BamFileIn bamFileIn;
open(bamFileIn, ...);
CharString baiPathIn = "my/path/to/index";
if (!loadIndex(bamFileIn, toCString(baiPathIn)))
{
  std::cerr << "ERROR: Could not read BAI index file " << baiPathIn << "\n";
  return 1;
}

The 'context' function

The 'context' function is not defined or any other function that uses it for two reasons: One, there is nothing in htslib which is a sensible replacement object to it, and two, this is probably something the user doesn't need to worry about. A typical example is if the user wants to read a specified region of an alignment file.

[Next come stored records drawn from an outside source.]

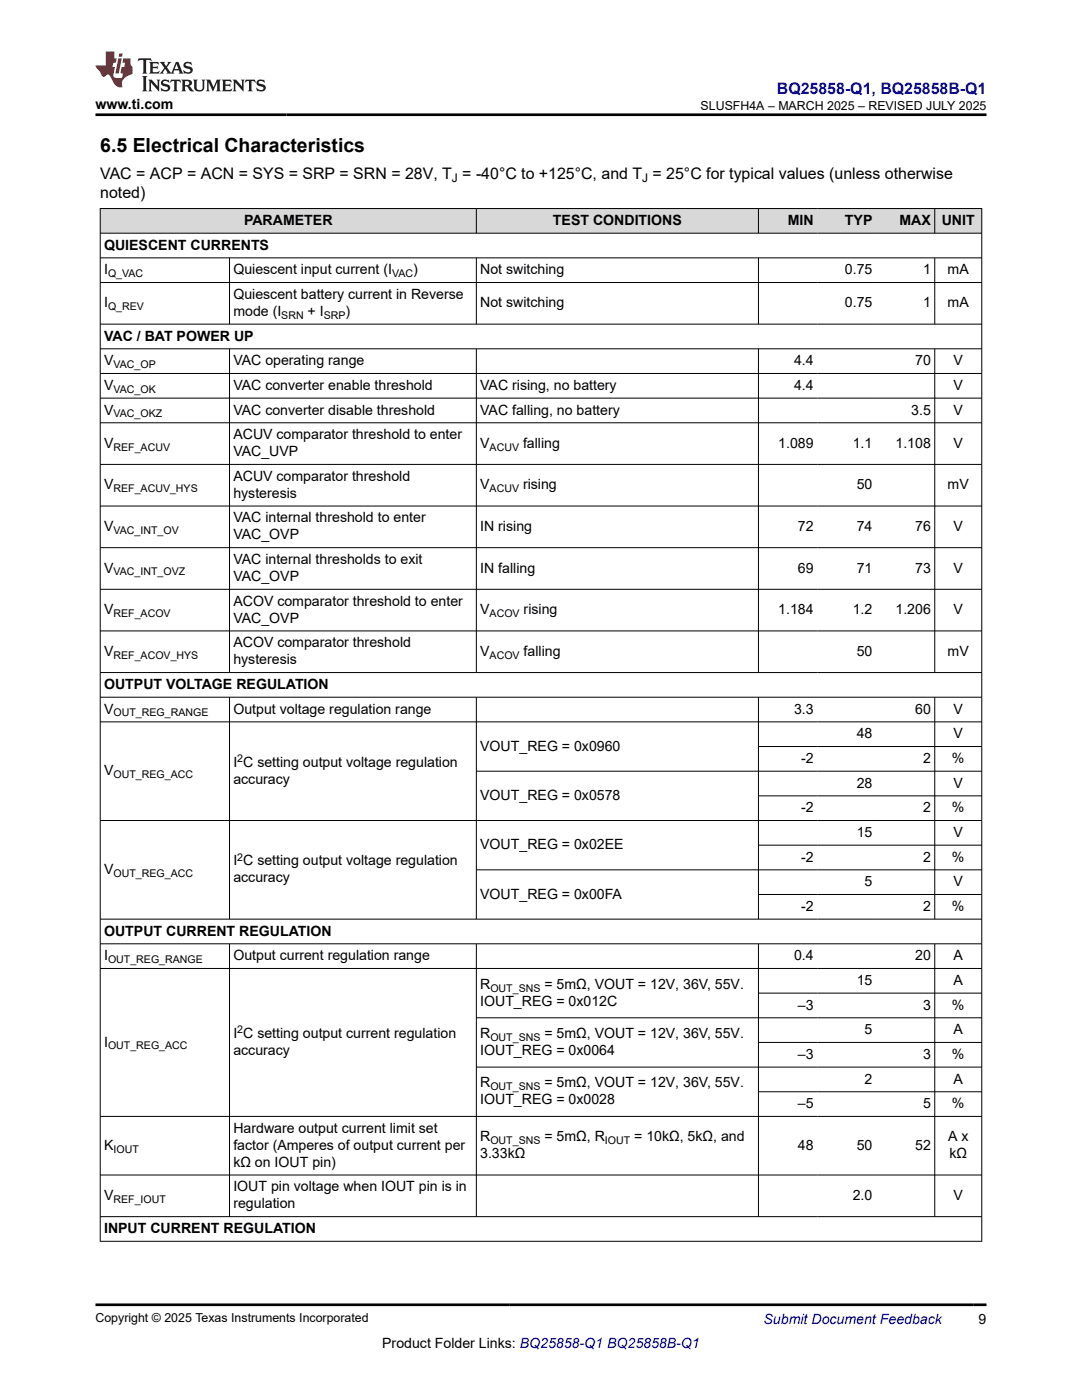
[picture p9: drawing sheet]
<svg xmlns="http://www.w3.org/2000/svg" width="216mm" height="279mm" viewBox="0 0 216 279" stroke-linecap="round" stroke-linejoin="round" font-family="sans-serif">
<defs><g id="words">
<text font-size="3.9" x="20" y="30.3">6.5 Electrical Characteristics</text>
<text font-size="3.2" fill="#00f" x="155" y="18.7">BQ25858-Q1, BQ25858B-Q1</text>
<g font-size="3.2">
<text x="20" y="35.7">VAC = ACP = ACN = SYS = SRP = SRN = 28V, T = -40°C to +125°C, and T = 25°C for typical values (unless otherwise</text>
<text x="20" y="39.5">noted)</text>
</g>
<g font-size="2.8">
<text x="19.1" y="21.8">www.ti.com</text>
<text x="48.7" y="44.9">PARAMETER</text>
<text x="110.3" y="44.9">TEST CONDITIONS</text>
<text x="157.2" y="44.9">MIN</text>
<text x="168.6" y="44.9">TYP</text>
<text x="179.5" y="44.9">MAX</text>
<text x="187.9" y="44.9">UNIT</text>
<text x="20.8" y="49.8">QUIESCENT CURRENTS</text>
<text x="20.8" y="54.7">I</text>
<text x="46.6" y="54.7">Quiescent input current (I</text>
<text x="46.6" y="59.7">Quiescent battery current in Reverse</text>
<text x="82.4" y="54.7">)</text>
<text x="95.8" y="54.7">Not switching</text>
<text x="168.6" y="54.7">0.75</text>
<text x="184.2" y="54.7">1</text>
<text x="189.1" y="54.7">mA</text>
<text x="20.8" y="61.3">I</text>
<text x="46.6" y="63">mode (I</text>
<text x="61.4" y="63">+ I</text>
<text x="69" y="63">)</text>
<text x="95.8" y="61.3">Not switching</text>
<text x="168.6" y="61.3">0.75</text>
<text x="184.2" y="61.3">1</text>
<text x="189.1" y="61.3">mA</text>
<text x="20.8" y="68">VAC / BAT POWER UP</text>
<text x="20.8" y="72.9">V</text>
<text x="20.8" y="77.8">V</text>
<text x="46.6" y="72.9">VAC operating range</text>
<text x="46.6" y="77.8">VAC converter enable threshold</text>
<text x="95.8" y="77.8">VAC rising, no battery</text>
<text x="158.4" y="72.9">4.4</text>
<text x="158.4" y="77.8">4.4</text>
<text x="182.6" y="72.9">70</text>
<text x="190.3" y="72.9">V</text>
<text x="190.3" y="77.8">V</text>
<text x="20.8" y="82.7">V</text>
<text x="46.6" y="82.7">VAC converter disable threshold</text>
<text x="95.8" y="82.7">VAC falling, no battery</text>
<text x="181.8" y="82.7">3.5</text>
<text x="190.3" y="82.7">V</text>
<text x="20.8" y="89.3">V</text>
<text x="46.6" y="87.6">ACUV comparator threshold to enter</text>
<text x="95.8" y="89.3">V</text>
<text x="104.4" y="89.3">falling</text>
<text x="155.3" y="89.3">1.089</text>
<text x="170.2" y="89.3">1.1</text>
<text x="178.7" y="89.3">1.108</text>
<text x="190.3" y="89.3">V</text>
<text x="46.6" y="91">VAC_UVP</text>
<text x="46.6" y="96">ACUV comparator threshold</text>
<text x="20.8" y="97.7">V</text>
<text x="46.6" y="99.3">hysteresis</text>
<text x="95.8" y="97.7">V</text>
<text x="104.4" y="97.7">rising</text>
<text x="170.9" y="97.7">50</text>
<text x="189.1" y="97.7">mV</text>
<text x="20.8" y="106">V</text>
<text x="46.6" y="104.3">VAC internal threshold to enter</text>
<text x="46.6" y="107.7">VAC_OVP</text>
<text x="95.8" y="106">IN rising</text>
<text x="159.2" y="106">72</text>
<text x="170.9" y="106">74</text>
<text x="182.6" y="106">76</text>
<text x="190.3" y="106">V</text>
<text x="46.6" y="112.6">VAC internal thresholds to exit</text>
<text x="20.8" y="114.3">V</text>
<text x="46.6" y="116">VAC_OVP</text>
<text x="95.8" y="114.3">IN falling</text>
<text x="159.2" y="114.3">69</text>
<text x="170.9" y="114.3">71</text>
<text x="182.6" y="114.3">73</text>
<text x="190.3" y="114.3">V</text>
<text x="20.8" y="122.6">V</text>
<text x="46.6" y="120.9">ACOV comparator threshold to enter</text>
<text x="46.6" y="124.3">VAC_OVP</text>
<text x="95.8" y="122.6">V</text>
<text x="104.5" y="122.6">rising</text>
<text x="155.3" y="122.6">1.184</text>
<text x="170.2" y="122.6">1.2</text>
<text x="178.7" y="122.6">1.206</text>
<text x="190.3" y="122.6">V</text>
<text x="20.8" y="130.9">V</text>
<text x="46.6" y="129.2">ACOV comparator threshold</text>
<text x="95.8" y="130.9">V</text>
<text x="104.5" y="130.9">falling</text>
<text x="170.9" y="130.9">50</text>
<text x="189.1" y="130.9">mV</text>
<text x="20.8" y="137.5">OUTPUT VOLTAGE REGULATION</text>
<text x="46.6" y="132.6">hysteresis</text>
<text x="20.8" y="142.4">V</text>
<text x="46.6" y="142.4">Output voltage regulation range</text>
<text x="158.4" y="142.4">3.3</text>
<text x="182.6" y="142.4">60</text>
<text x="190.3" y="142.4">V</text>
<text x="95.8" y="149.8">VOUT_REG = 0x0960</text>
<text x="170.9" y="147.3">48</text>
<text x="190.3" y="147.3">V</text>
<text x="20.8" y="154.7">V</text>
<text x="46.6" y="153">I C setting output voltage regulation</text>
<text x="159.9" y="152.3">-2</text>
<text x="184.2" y="152.3">2</text>
<text x="190" y="152.3">%</text>
<text x="46.6" y="156.4">accuracy</text>
<text x="95.8" y="159.6">VOUT_REG = 0x0578</text>
<text x="170.9" y="157.2">28</text>
<text x="190.3" y="157.2">V</text>
<text x="159.9" y="162.1">-2</text>
<text x="170.9" y="167">15</text>
<text x="184.2" y="162.1">2</text>
<text x="190" y="162.1">%</text>
<text x="190.3" y="167">V</text>
<text x="46.6" y="172.7">I C setting output voltage regulation</text>
<text x="95.8" y="169.5">VOUT_REG = 0x02EE</text>
<text x="159.9" y="171.9">-2</text>
<text x="184.2" y="171.9">2</text>
<text x="190" y="171.9">%</text>
<text x="20.8" y="174.4">V</text>
<text x="46.6" y="176.1">accuracy</text>
<text x="95.8" y="179.3">VOUT_REG = 0x00FA</text>
<text x="172.5" y="176.9">5</text>
<text x="190.3" y="176.9">V</text>
<text x="159.9" y="181.8">-2</text>
<text x="184.2" y="181.8">2</text>
<text x="190" y="181.8">%</text>
<text x="20.8" y="186.7">OUTPUT CURRENT REGULATION</text>
<text x="20.8" y="191.6">I</text>
<text x="46.6" y="191.6">Output current regulation range</text>
<text x="158.4" y="191.6">0.4</text>
<text x="182.6" y="191.6">20</text>
<text x="190.3" y="191.6">A</text>
<text x="95.8" y="197.3">R</text>
<text x="108.6" y="197.3">= 5mΩ, VOUT = 12V, 36V, 55V.</text>
<text x="170.9" y="196.6">15</text>
<text x="190.3" y="196.6">A</text>
<text x="95.8" y="200.7">IOUT_REG = 0x012C</text>
<text x="159.2" y="201.5">–3</text>
<text x="184.2" y="201.5">3</text>
<text x="190" y="201.5">%</text>
<text x="20.8" y="208.9">I</text>
<text x="46.6" y="207.2">I C setting output current regulation</text>
<text x="95.8" y="207.2">R</text>
<text x="108.6" y="207.2">= 5mΩ, VOUT = 12V, 36V, 55V.</text>
<text x="172.5" y="206.4">5</text>
<text x="190.3" y="206.4">A</text>
<text x="46.6" y="210.5">accuracy</text>
<text x="95.8" y="210.5">IOUT_REG = 0x0064</text>
<text x="159.2" y="211.3">–3</text>
<text x="184.2" y="211.3">3</text>
<text x="190" y="211.3">%</text>
<text x="95.8" y="217">R</text>
<text x="95.8" y="220.4">IOUT_REG = 0x0028</text>
<text x="108.6" y="217">= 5mΩ, VOUT = 12V, 36V, 55V.</text>
<text x="159.2" y="221.2">–5</text>
<text x="172.5" y="216.2">2</text>
<text x="184.2" y="221.2">5</text>
<text x="190" y="221.2">%</text>
<text x="190.3" y="216.2">A</text>
<text x="46.6" y="226.1">Hardware output current limit set</text>
<text x="95.8" y="227.8">R</text>
<text x="108.6" y="227.8">= 5mΩ, R</text>
<text x="126.5" y="227.8">= 10kΩ, 5kΩ, and</text>
<text x="189.2" y="227.8">A x</text>
<text x="20.8" y="229.5">K</text>
<text x="46.6" y="229.5">factor (Amperes of output current per</text>
<text x="46.6" y="232.9">kΩ on IOUT pin)</text>
<text x="95.8" y="231.2">3.33kΩ</text>
<text x="159.2" y="229.5">48</text>
<text x="170.9" y="229.5">50</text>
<text x="182.6" y="229.5">52</text>
<text x="189.4" y="231.2">kΩ</text>
<text x="20.8" y="239.5">V</text>
<text x="46.6" y="237.8">IOUT pin voltage when IOUT pin is in</text>
<text x="170.2" y="239.5">2.0</text>
<text x="190.3" y="239.5">V</text>
<text x="46.6" y="241.2">regulation</text>
<text x="20.8" y="246.1">INPUT CURRENT REGULATION</text>
<text x="76.3" y="269">Product Folder Links: BQ25858-Q1 BQ25858B-Q1</text>
<text x="195.3" y="264.2">9</text>
</g>
<text font-size="2.8" fill="#00f" x="152.4" y="264.2">Submit Document Feedback</text>
<g font-size="2.5">
<text x="139.8" y="21.9">SLUSFH4A – MARCH 2025 – REVISED JULY 2025</text>
<text x="19.1" y="263.9">Copyright © 2025 Texas Instruments Incorporated</text>
</g>
<g font-size="2.4">
<text x="90.2" y="36.3">J</text>
<text x="128.1" y="36.3">J</text>
</g>
<g font-size="2.1">
<text x="21.6" y="55.3">Q_VAC</text>
<text x="78.3" y="55.3">VAC</text>
<text x="21.6" y="61.9">Q_REV</text>
<text x="56.1" y="63.6">SRN</text>
<text x="64.6" y="63.6">SRP</text>
<text x="22.6" y="73.5">VAC_OP</text>
<text x="22.6" y="78.4">VAC_OK</text>
<text x="22.6" y="83.3">VAC_OKZ</text>
<text x="22.6" y="89.9">REF_ACUV</text>
<text x="97.7" y="89.9">ACUV</text>
<text x="22.6" y="98.2">REF_ACUV_HYS</text>
<text x="97.7" y="98.2">ACUV</text>
<text x="22.6" y="106.5">VAC_INT_OV</text>
<text x="22.6" y="114.8">VAC_INT_OVZ</text>
<text x="22.6" y="123.1">REF_ACOV</text>
<text x="97.7" y="123.1">ACOV</text>
<text x="22.6" y="131.4">REF_ACOV_HYS</text>
<text x="97.7" y="131.4">ACOV</text>
<text x="22.6" y="143">OUT_REG_RANGE</text>
<text x="22.6" y="155.3">OUT_REG_ACC</text>
<text x="47.4" y="152.1">2</text>
<text x="47.4" y="171.8">2</text>
<text x="22.6" y="175">OUT_REG_ACC</text>
<text x="21.6" y="192.2">OUT_REG_RANGE</text>
<text x="97.9" y="197.9">OUT_SNS</text>
<text x="21.6" y="209.4">OUT_REG_ACC</text>
<text x="47.4" y="206.2">2</text>
<text x="97.9" y="207.7">OUT_SNS</text>
<text x="97.9" y="217.6">OUT_SNS</text>
<text x="22.6" y="230">IOUT</text>
<text x="97.9" y="228.3">OUT_SNS</text>
<text x="120.7" y="228.3">IOUT</text>
<text x="22.6" y="240">REF_IOUT</text>
</g>
</g></defs>
<g fill="#d8d8d8">
<path d="M20 41.6h175.9v4.9h-175.9z" fill-rule="evenodd"/>
<path d="M20.1 41.7h74.9v4.8h-74.9z" fill-rule="evenodd"/>
<path d="M95.1 41.7h56.2v4.8h-56.2z" fill-rule="evenodd"/>
<path d="M151.4 41.7h11.7v4.8h-11.7z" fill-rule="evenodd"/>
<path d="M163.1 41.7h11.7v4.8h-11.7z" fill-rule="evenodd"/>
<path d="M174.8 41.7h11.7v4.8h-11.7z" fill-rule="evenodd"/>
<path d="M186.6 41.7h9.2v4.8h-9.2z" fill-rule="evenodd"/>
</g>
<g fill="none" stroke="#000" stroke-width=".2">
<path d="M19.9 41.6h176.1M19.9 46.5h176.1M19.9 51.5h176.1M19.9 56.4h176.1M20 41.6v206.2M45.8 51.5v13.3M95.1 41.6v5M95.1 51.5v13.3M151.3 41.6v5M151.3 51.5v13.3M186.5 41.6v5M186.5 51.5v13.3"/>
<path d="M195.9 41.6v206.2M19.9 64.7h176.1M19.9 69.6h176.1M19.9 74.5h176.1M19.9 79.5h176.1M45.8 69.6v64.7M95.1 69.6v64.7M151.3 69.6v64.7M186.5 69.6v64.7M19.9 84.4h176.1M19.9 92.7h176.1M19.9 101h176.1"/>
<path d="M19.9 109.3h176.1M19.9 117.6h176.1M19.9 125.9h176.1M19.9 134.2h176.1M19.9 139.1h176.1M45.8 139.1v44.4M95.1 139.1v44.4M151.3 139.1v44.4M186.5 139.1v44.4M19.9 144.1h176.1M95.1 153.9h100.9M151.3 149h44.7"/>
<path d="M151.3 158.8h44.7M19.9 163.8h176.1M95.1 173.6h100.9M151.3 168.7h44.7M151.3 178.5h44.7M19.9 183.4h176.1M19.9 188.4h176.1M19.9 193.3h176.1M45.8 188.4v54.5M95.1 188.4v54.5M151.3 188.4v54.5M151.3 198.2h44.7"/>
<path d="M186.5 188.4v54.5M95.1 203.1h100.9M151.3 208h44.7M151.3 217.9h44.7M196 213h-100.9M19.9 222.8h176.1M19.9 234.5h176.1M19.9 242.8h176.1M19.9 247.7h176.1"/>
</g>
<path d="M27.7 11.6l-.2 .6 .5-.2h.6v.1v2.2l-.2 .4h1l-.2-.4v-2.2v-.1h.5l.5 .2-.1-.6zM29.8 12.4l.2 .3v1.6l-.2 .4h1.9l.1-.6a1.08 1.08 0 0 1-1.3 .2v-.7h.6l.4 .2v-.7l-.4 .2h-.6v-.5l.2-.2a1 1 0 0 1 1 .3l-.1-.5zM31.8 12.4l1 1.1-1 1.2h.9l-.2-.2 .4-.8 .5 .8-.2 .2h1.6l-.2-.2 .1-.5h1l.1 .5-.1 .2h.9l-.2-.4-.8-1.9h-.5l-1 2.1-.8-1.1 .9-1h-.8l.2 .2-.5 .6-.3-.6 .1-.2zM35.2 12.8l.4 1h-.8zM36.8 12.5a.65 .65 0 0 0-.2 .7 .65 .65 0 0 0 .6 .5l.7 .1 .1 .3a.79 .79 0 0 1-.7 .4 .79 .79 0 0 1-.7-.5l.1 .7 .2-.1a.93 .93 0 0 0 1.1 0 .93 .93 0 0 0 .4-.9 1.46 1.46 0 0 0-1.2-.6l-.1-.3a1.09 1.09 0 0 1 1.2 .2l-.2-.6-.1 .1-.6-.2zM28.4 15.2l.2 .4v2.2l-.2 .4h1l-.2-.4v-2.2l.2-.4zM29.6 15.9l.2 .4v1.5l-.2 .4h.8l-.3-.4v-1.3l1.7 1.8v-2l.2-.4h-.8l.2 .2 .1 1.1-1.2-1.3zM32.3 16a.65 .65 0 0 0-.2 .8 .65 .65 0 0 0 .7 .4l.6 .2 .1 .2a.79 .79 0 0 1-.7 .4 .79 .79 0 0 1-.7-.5l.1 .7 .2-.1a.93 .93 0 0 0 1.1 .1 .93 .93 0 0 0 .4-1 1.46 1.46 0 0 0-1.2-.5l-.1-.4a1.09 1.09 0 0 1 1.2 .2l-.2-.6-.1 .1-.6-.1zM34.1 15.9l-.1 .6a.63 .63 0 0 1 .7-.3l.1 1.6-.3 .4h1l-.2-.4v-1.6a.66 .66 0 0 1 .8 .3l-.1-.6zM36.2 15.9l.2 .4v1.5l-.2 .4h.9l-.2-.2v-.7h.5l.1 .2a.79 .79 0 0 0 1.2 .6l-1-.9a.61 .61 0 0 0 .6-.6 .61 .61 0 0 0-.5-.7zM36.9 16.2h.2a.47 .47 0 0 1 .5 .1 .47 .47 0 0 1 .1 .5l-.2 .1-.6 .1zM38.5 15.9l.2 .2a2.27 2.27 0 0 0 .4 2 1.04 1.04 0 0 0 1.7-.7v-1.3l.2-.2h-.8l.2 .4v1.1a.6 .6 0 0 1-.6 .6 .6 .6 0 0 1-.6-.6v-1.1l.3-.4zM41.1 15.9l.2 .4v1.5l-.2 .4h.7l-.2-.4v-1.4l.9 1.9 .8-1.9v1.4l-.2 .4h1l-.3-.4v-1.5l.3-.4h-.8l-.7 1.5-.7-1.5zM44.3 15.9l.2 .4v1.5l-.2 .4h1.9l.1-.6a1.09 1.09 0 0 1-1.3 .2v-.7h.6l.4 .2v-.6l-.4 .2h-.6v-.6l.2-.1a1.01 1.01 0 0 1 1 .3l-.1-.6zM46.4 15.9l.3 .4v1.5l-.3 .4h.8l-.2-.4v-1.3l1.6 1.8v-2l.2-.4h-.7l.2 .2v1.1l-1.2-1.3zM49 15.9l-.1 .6a.63 .63 0 0 1 .8-.3v1.6l-.3 .4h1l-.2-.4v-1.6a.66 .66 0 0 1 .8 .3l-.1-.6zM51.4 16a.65 .65 0 0 0-.2 .8 .65 .65 0 0 0 .6 .4l.6 .2 .2 .2a.79 .79 0 0 1-.8 .4 .79 .79 0 0 1-.6-.5l.1 .7 .2-.1a.93 .93 0 0 0 1 .1 .93 .93 0 0 0 .5-1 1.46 1.46 0 0 0-1.3-.5l-.1-.4a1.09 1.09 0 0 1 1.3 .2l-.2-.6-.2 .1-.5-.1z" fill="#231f20"/>
<path d="M21.1 10.3v2.7h-2v.4l.9 1a.95 .95 0 0 0 .9 .9 .59 .59 0 0 1 .6-.4 .59 .59 0 0 1 .5 .3l.4 .8a1.59 1.59 0 0 0 2.1 1.4 1.61 1.61 0 0 1 1-2.3l1-.3-.1-1.5a1.59 1.59 0 0 1-.4-1.7h-1.4l-.2 .9h.5l-.1 .9h-.5l-.2 .9v.3l.4 .1-.2 .9h-.6a.73 .73 0 0 1-1.1-.7l.3-1.5h-.5l.2-.9h.5l.2-.9h-.5v-1.3zM23.6 11.6l-.6 3.1h.7l.6-3.1zM23.8 10.7l-.1 .6h.7l.1-.6z" fill="#ed1c24"/>
<path d="M19.1 22.9h177.8M19.1 260.4h177.8" fill="none" stroke="#000" stroke-width=".53"/>
<use href="#words"/>
</svg>

In that case the user must first use the context to figure out which rID the was specified for the region in the header.

CharString chr = "chr19";
int start = 3000;
int end = 4000;
int rID = 0;
if (!getIdByName(rID, contigNamesCache(context(bamFileIn)), chr))
{
  std::cerr << "ERROR: Reference sequence named " << chr << " not known.\n";
  return 1;
}
bool hasAlignments = false;
if (!jumpToRegion(bamFileIn, hasAlignments, rID, start, end, baiIndex))
{
  std::cerr << "ERROR: Could not jump to " << start << ":" << end << "\n";
  return 1;
}

This can be changed to

CharString chr = "chr19";
int start = 3000;
int end = 4000;
if (!setRegion(bamFileIn, toCString(chr), start, end))
{
  std::cerr << "ERROR: Could not jump to " << chr << ":" << start << "-" << end << "\n";
  return 1;
}

Examples

BCF/Tabix example

seqan::Tabix index;
seqan::open(index, "/path/to/my/file/example.vcf.gz");
seqan::setRegion(index, "chrX:A-B"); // "chrX" and "chrX:A" also supported
seqan::VcfRecord record;

while (seqan::readRegion(record, index))
{
  // Do stuff with record
}

HTS file read and write example (SAM/BAM/CRAM format is automatically detected)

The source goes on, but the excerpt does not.